## What to produce
Tally every line of the entries that contains the string "pitch", then reply with only that number.

## Source data
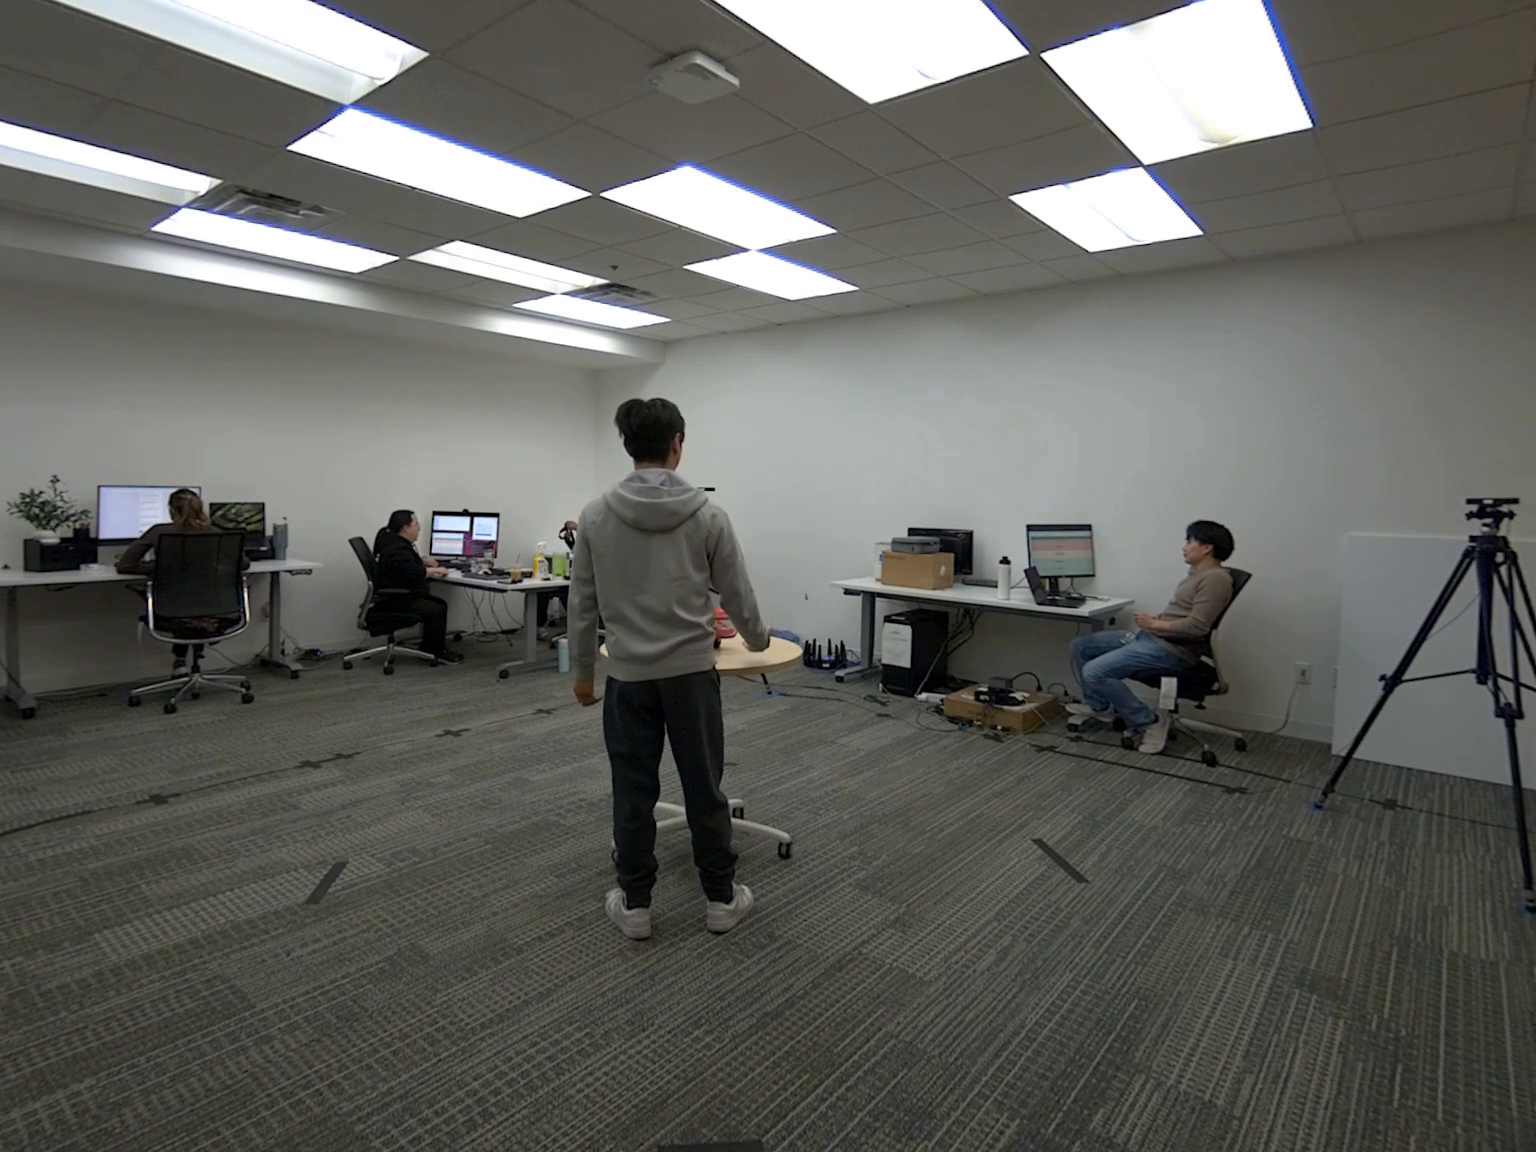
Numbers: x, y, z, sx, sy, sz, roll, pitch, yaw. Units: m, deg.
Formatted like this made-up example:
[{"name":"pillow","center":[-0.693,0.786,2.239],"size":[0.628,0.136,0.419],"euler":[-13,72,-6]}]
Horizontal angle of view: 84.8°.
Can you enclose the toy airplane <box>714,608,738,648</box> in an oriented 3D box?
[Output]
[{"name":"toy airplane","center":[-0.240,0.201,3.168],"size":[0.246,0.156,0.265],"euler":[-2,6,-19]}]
==
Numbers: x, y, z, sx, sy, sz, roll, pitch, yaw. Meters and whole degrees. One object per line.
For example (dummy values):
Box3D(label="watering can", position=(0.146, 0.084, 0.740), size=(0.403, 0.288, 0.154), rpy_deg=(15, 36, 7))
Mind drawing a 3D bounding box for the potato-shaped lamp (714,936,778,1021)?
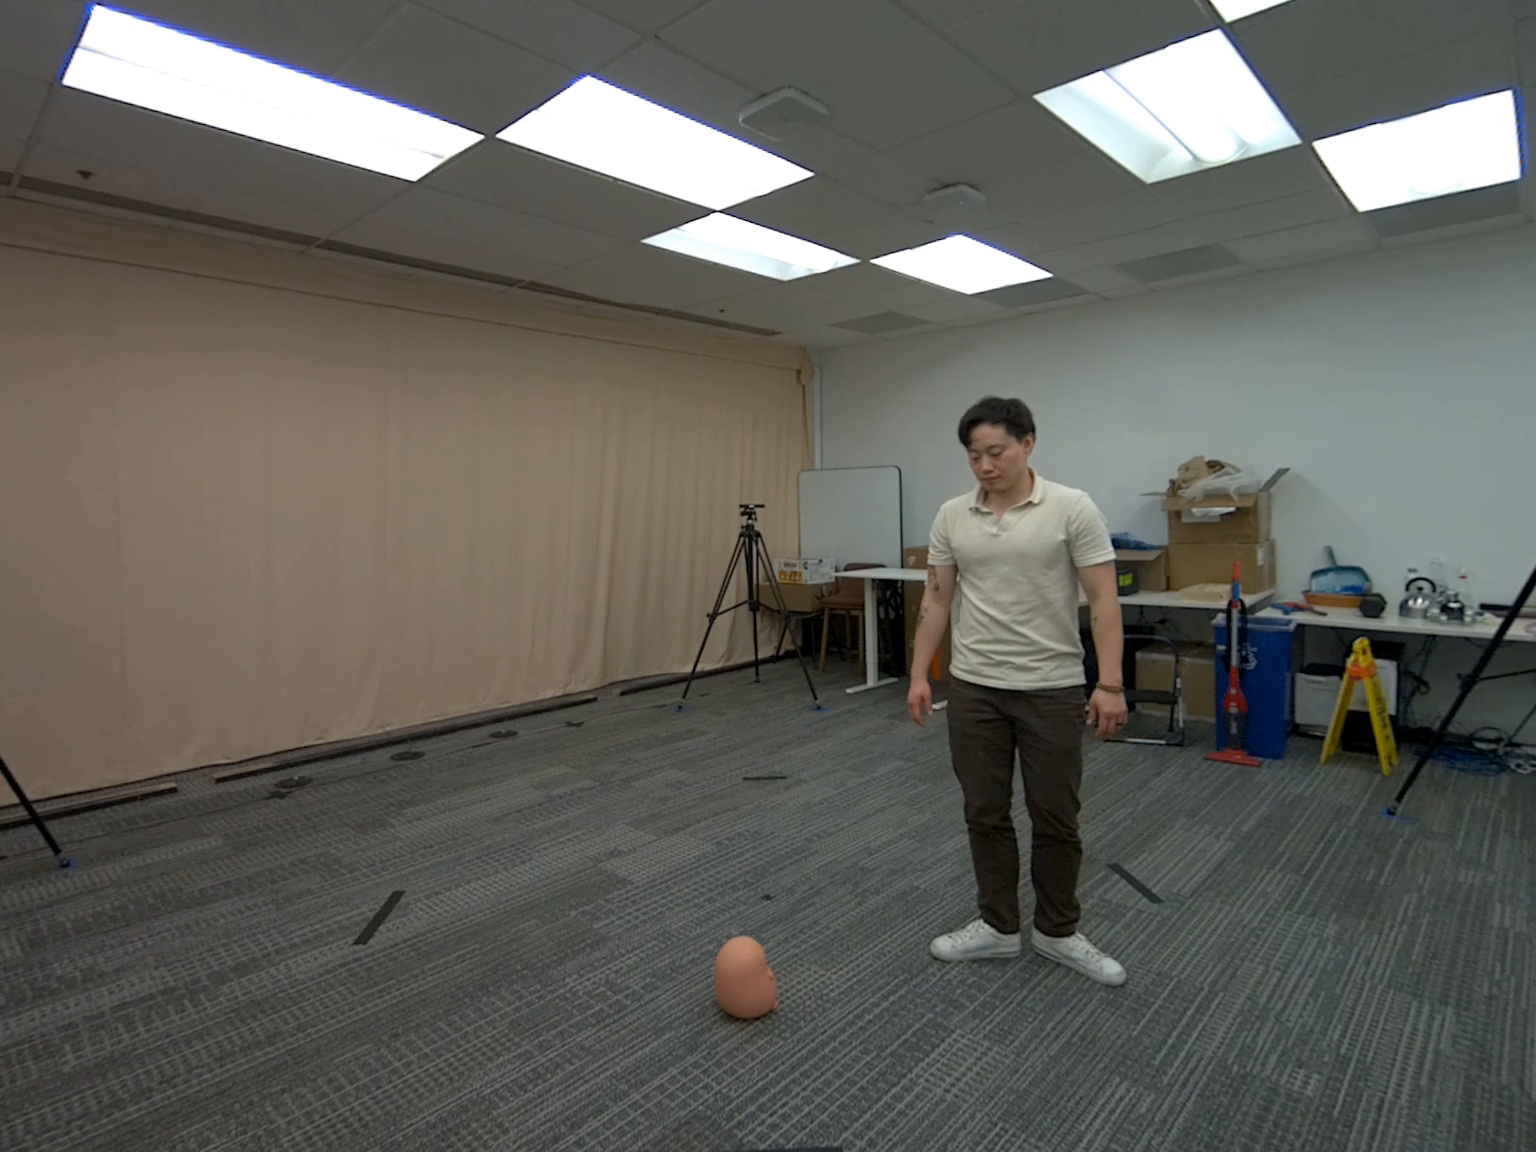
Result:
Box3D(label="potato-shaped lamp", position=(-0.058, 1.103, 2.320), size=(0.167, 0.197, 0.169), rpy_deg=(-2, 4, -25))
...
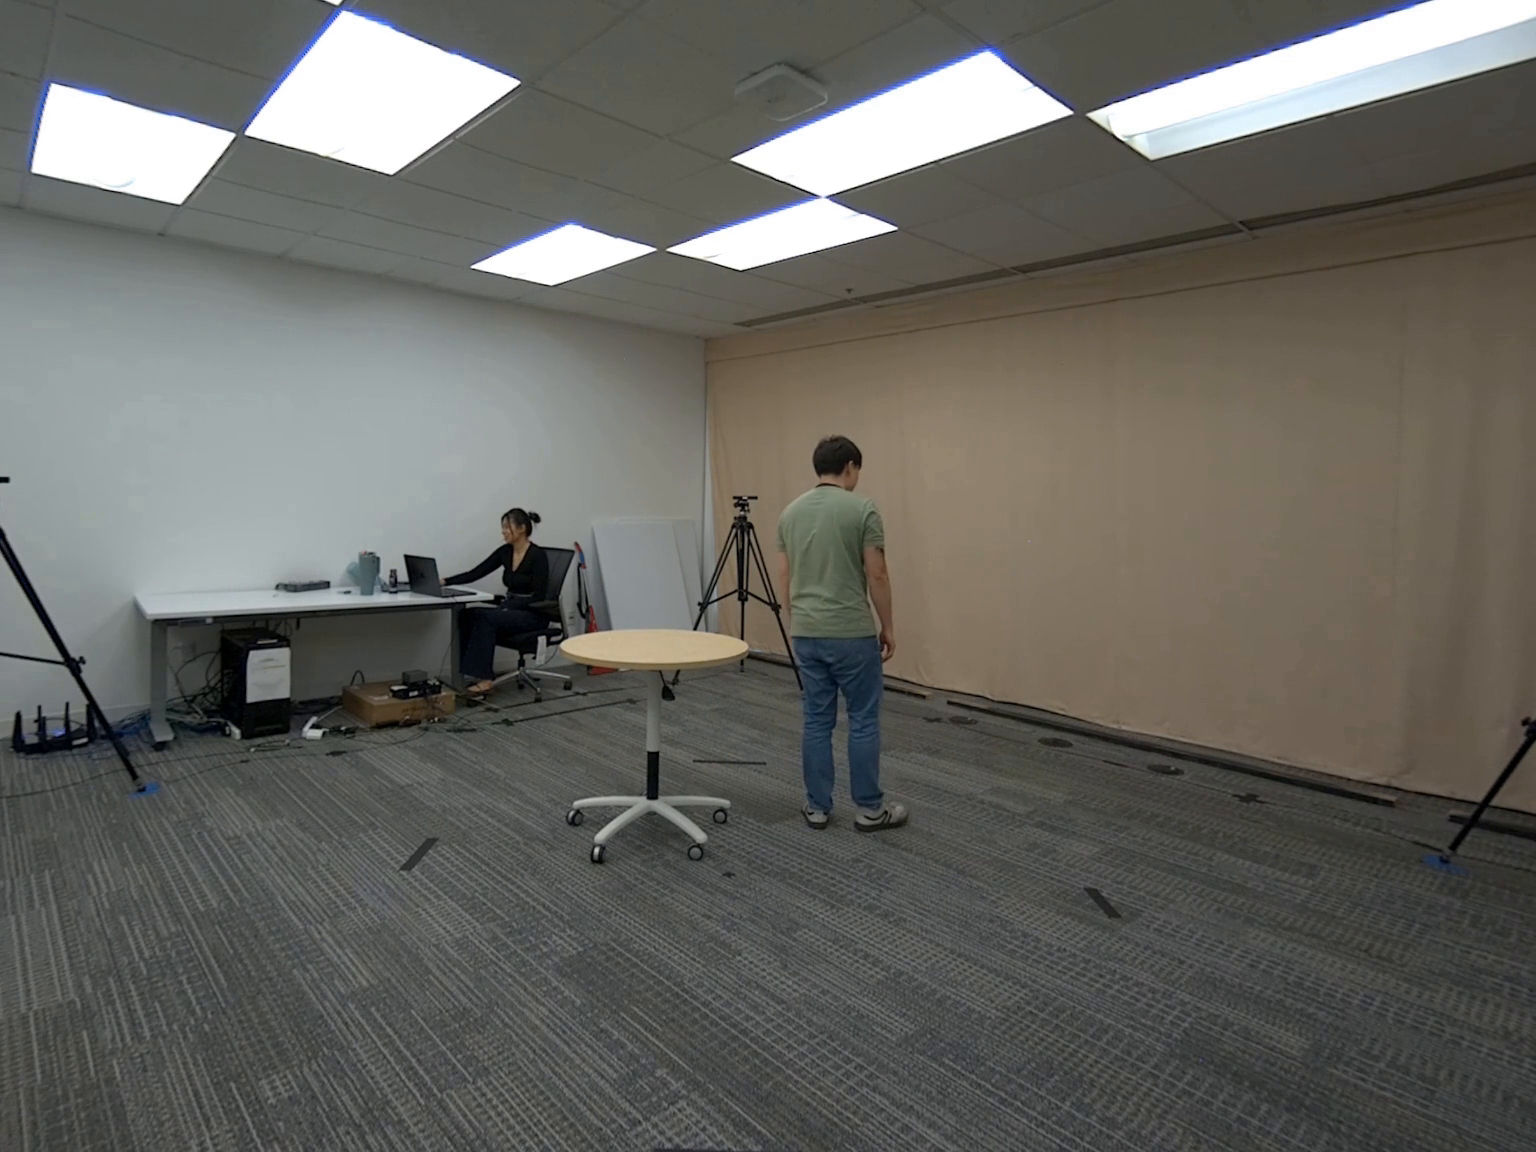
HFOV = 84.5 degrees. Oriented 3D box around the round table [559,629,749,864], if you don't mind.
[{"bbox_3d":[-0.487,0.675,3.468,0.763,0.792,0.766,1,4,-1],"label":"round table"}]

## Exercise output
2